-------- PROVIDED RECORDS

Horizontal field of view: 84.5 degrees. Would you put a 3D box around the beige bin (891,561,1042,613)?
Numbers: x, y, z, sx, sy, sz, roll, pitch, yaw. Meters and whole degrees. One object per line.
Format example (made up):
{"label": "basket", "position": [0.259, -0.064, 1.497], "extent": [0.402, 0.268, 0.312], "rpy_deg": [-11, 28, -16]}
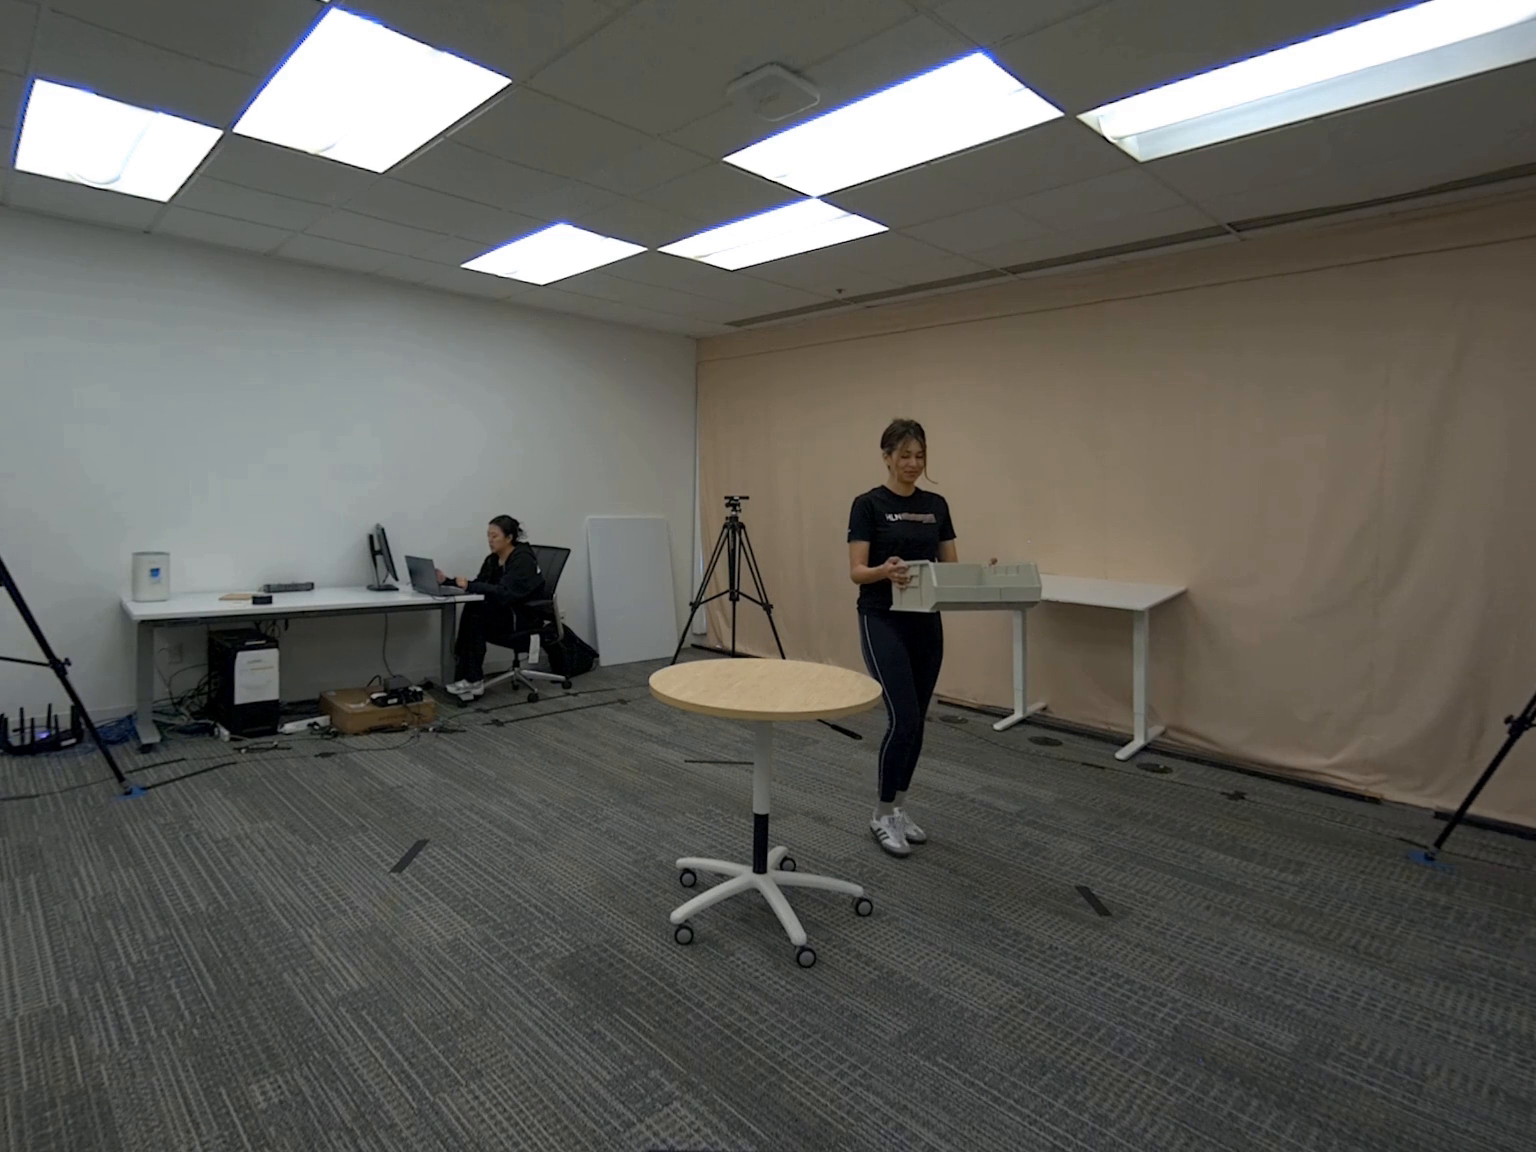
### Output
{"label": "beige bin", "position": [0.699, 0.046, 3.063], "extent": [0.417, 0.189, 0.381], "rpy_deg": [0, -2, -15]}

----------------

▶ WHAT TO DO: In the answer, all of the material should appear exactly as given, with no picture carried over.

▶ EXPECTED OUTPUT:
Horizontal field of view: 84.5 degrees. Would you put a 3D box around the beige bin (891,561,1042,613)?
Numbers: x, y, z, sx, sy, sz, roll, pitch, yaw. Meters and whole degrees. One object per line.
Format example (made up):
{"label": "basket", "position": [0.259, -0.064, 1.497], "extent": [0.402, 0.268, 0.312], "rpy_deg": [-11, 28, -16]}
### Output
{"label": "beige bin", "position": [0.699, 0.046, 3.063], "extent": [0.417, 0.189, 0.381], "rpy_deg": [0, -2, -15]}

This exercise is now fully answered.